Additionally, if you wish to run the code without executing tests, the .vscode/launch.json file is also configured to support the environment file:

{
    "version": "0.2.0",
    "configurations": [
        {
            "name": "Debug locally",
            "type": "go",
            "request": "launch",
            "mode": "debug",
            "program": "${workspaceFolder}/cmd/main.go",
            "envFile": "${workspaceFolder}/local.env"
        }
    ]
}

If you prefer to work outside of the IDE, you can still run the code and tests from the terminal by prefixing the commands with env $(cat local.env):

env $(cat local.env) go run cmd/main.go
env $(cat local.env) go test -tags=accept --count=1 ./accept_test/...

The app package does the majority of the work, such as parsing the environment and starting the service, making it easy to ensure everything is wired up correctly with minimal effort.

What about CI?

Setting up your continuous integration (CI) pipeline is a breeze with this architecture. Because all of the logic is housed within the service itself, there’s no need to deal with complex configurations. This also means that you can easily run the same commands that your CI system is executing on your local machine. In this case, the only command you need to run is make test/docker.

This command performs two key tasks:

It composes and builds dependencies (in this case Postgres) and a golang-alpine container with the code and tests, then proceeds to run both.
It attaches to the container running the tests to check the exit code and prints results, such as coverage.

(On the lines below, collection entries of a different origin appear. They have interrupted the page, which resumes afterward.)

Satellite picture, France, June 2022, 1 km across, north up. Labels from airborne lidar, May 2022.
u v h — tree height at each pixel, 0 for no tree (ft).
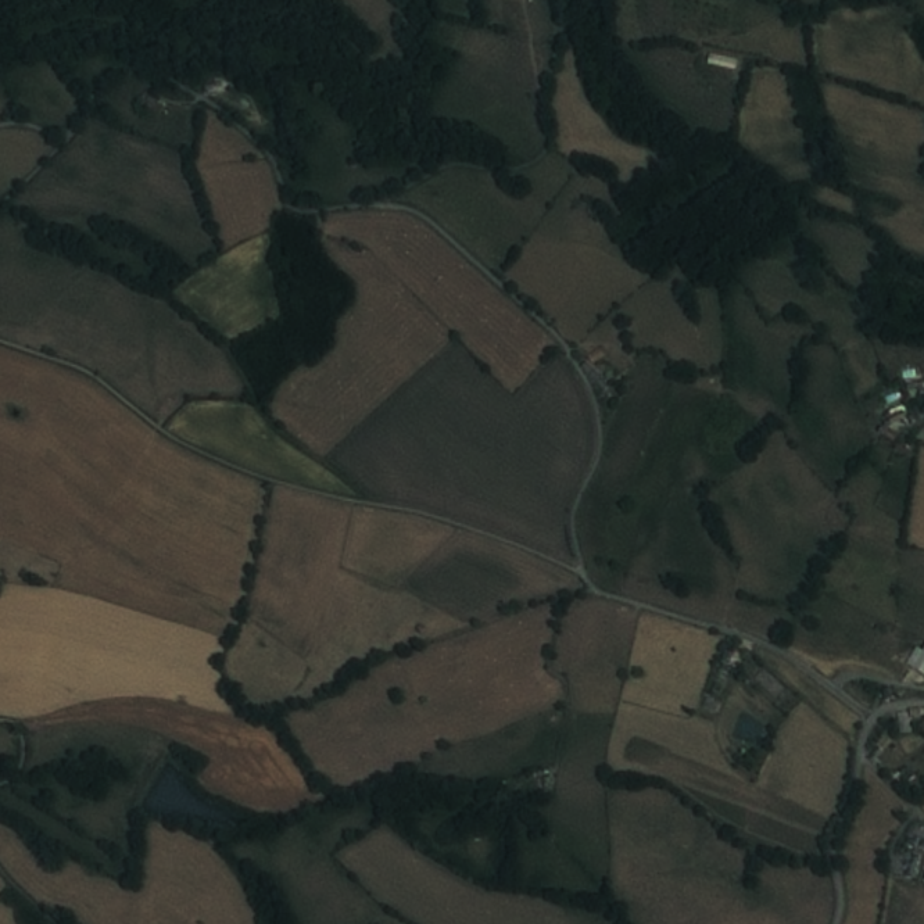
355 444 0
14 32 65
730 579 0
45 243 25
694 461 0
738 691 0
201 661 0
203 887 0
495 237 0
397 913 32
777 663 0
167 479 0
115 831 0
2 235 0
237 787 0
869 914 0
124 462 0
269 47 81
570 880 0
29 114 54
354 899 0
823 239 0
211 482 0
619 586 0
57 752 0
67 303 0
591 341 0
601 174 79
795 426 0
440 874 0
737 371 0
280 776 0
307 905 0
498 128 0
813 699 0
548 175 0
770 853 60
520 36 0
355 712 0
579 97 0
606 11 68
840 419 0
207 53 85
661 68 0
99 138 0
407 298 0
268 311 0
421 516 0
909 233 0
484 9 32
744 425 0
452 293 0
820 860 41
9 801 0
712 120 0
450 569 0
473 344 0
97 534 0
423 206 0
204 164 0
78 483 0
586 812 0
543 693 0
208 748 0
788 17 47
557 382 0
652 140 46
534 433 0
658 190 24
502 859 27
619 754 0
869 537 0
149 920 0
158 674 0
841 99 0
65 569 0
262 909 58
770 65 29
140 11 53
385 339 0
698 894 0
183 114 0
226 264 0
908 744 0
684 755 0
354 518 0
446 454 0
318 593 0
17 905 0
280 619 0
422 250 0
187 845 0
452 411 0
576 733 0
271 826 53
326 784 70
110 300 0
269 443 0
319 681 0
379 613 0
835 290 0
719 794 0
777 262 0
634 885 0
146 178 0
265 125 0
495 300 0
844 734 0
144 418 0
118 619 0
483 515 0
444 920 0
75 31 34
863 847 0
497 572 0
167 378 0
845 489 39
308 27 78
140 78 51
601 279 0
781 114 0
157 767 0
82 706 0
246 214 0
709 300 0
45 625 0
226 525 0
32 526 0
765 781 0
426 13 55
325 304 30
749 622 0
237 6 69
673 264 31
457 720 0
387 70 73
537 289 0
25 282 0
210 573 0
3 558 0
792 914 0
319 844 0
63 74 43
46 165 48
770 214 78
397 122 43
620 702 0
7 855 0
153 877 0
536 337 0
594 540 0
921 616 0
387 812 55
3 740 0
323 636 0
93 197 0
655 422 0
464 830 55
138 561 0
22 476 0
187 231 0
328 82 73
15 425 0
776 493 0
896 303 48
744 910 0
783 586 0
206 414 0
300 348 36
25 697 0
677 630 0
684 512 0
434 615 0
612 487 0
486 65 0
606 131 0
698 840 0
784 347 0
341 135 0
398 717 0
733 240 64
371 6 0
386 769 0
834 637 0
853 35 0
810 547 0
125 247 57
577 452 0
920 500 0
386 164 27
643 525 0
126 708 0
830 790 0
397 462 0
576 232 0
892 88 0
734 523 0
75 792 39
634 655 0
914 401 18
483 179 0
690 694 0
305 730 0
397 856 0
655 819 0
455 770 0
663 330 0
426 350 0
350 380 0
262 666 0
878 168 0
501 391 0
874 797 0
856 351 0
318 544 0
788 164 0
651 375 0
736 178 71
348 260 0
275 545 0
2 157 0
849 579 0
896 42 0
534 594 0
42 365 0
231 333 0
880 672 0
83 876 0
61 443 0
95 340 0
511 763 0
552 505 0
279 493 0
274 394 34
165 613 0
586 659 0
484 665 0
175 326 0

The actual command that runs the tests is located in the Dockerfile.test, here is the important part:

CMD while ! nc -z $DB_HOST $DB_PORT; do sleep 1; done; \
    CGO_ENABLED=0 go test -tags=accept ./accept_test/... \
    -coverprofile=test.coverage.tmp \
    -coverpkg=$(go list ./... | paste -sd ',' -) ./... \
    && cat test.coverage.tmp | grep -v '_test.go' > test.coverage && \
    go tool cover -func test.coverage.tmp

Taking it slowly these bunch of lines do the following:

Waits for Postgres to be up and running before executing the tests. There’s no point in running the tests before the dependencies are ready.
Executes the tests, including those marked with //go:build accept, and measures the coverage.
Excludes test files (those with _test.go in their name) from the coverage report, as there’s no need to see the coverage of our test files.
Prints the coverage report.

The image above is from the CI, but you can run the same command on your local machine by simply running make test/docker. This makes it easy to test and debug your code locally before pushing to the CI pipeline.

Fight against repetition

A microservice architecture can lead to a lot of repetitive work, especially when it comes to managing files like Dockerfile, Makefile, and docker-compose.yaml across hundreds of repositories. This can be a real headache when it comes to making changes. To tackle this issue, I highly recommend checking out shuttle . This open-source tool, developed by Lunar , is designed to simplify these scenarios. With shuttle, you can keep all of these files, that are prone to change together in all places at the same time; in a central repository, and then have other repositories pull them in before executing their scripts. This way, you’ll be able to streamline your workflow and make updates much more efficiently.

Things to keep in mind

When it comes to testing microservices, there is no one-size-fits-all solution. Different types of services, teams, and organizational structures require different testing approaches. What works for one team or company may not work for another.

I’ve found a nice consensus on testing codebases with acceptance tests as the team is able to deliver microservices with quality and without sacrificing velocity.

It’s important to keep in mind that testing is not just about the codebase, but also about the people who will be using it. Therefore, it’s important to consider the team’s needs and goals when implementing any changes.

Before making any sudden changes, it’s important to do your own research and steer in a direction that benefits the team as a whole, rather than just an individual. This way, you can ensure that your testing approach aligns with the specific needs and goals of your team and organization.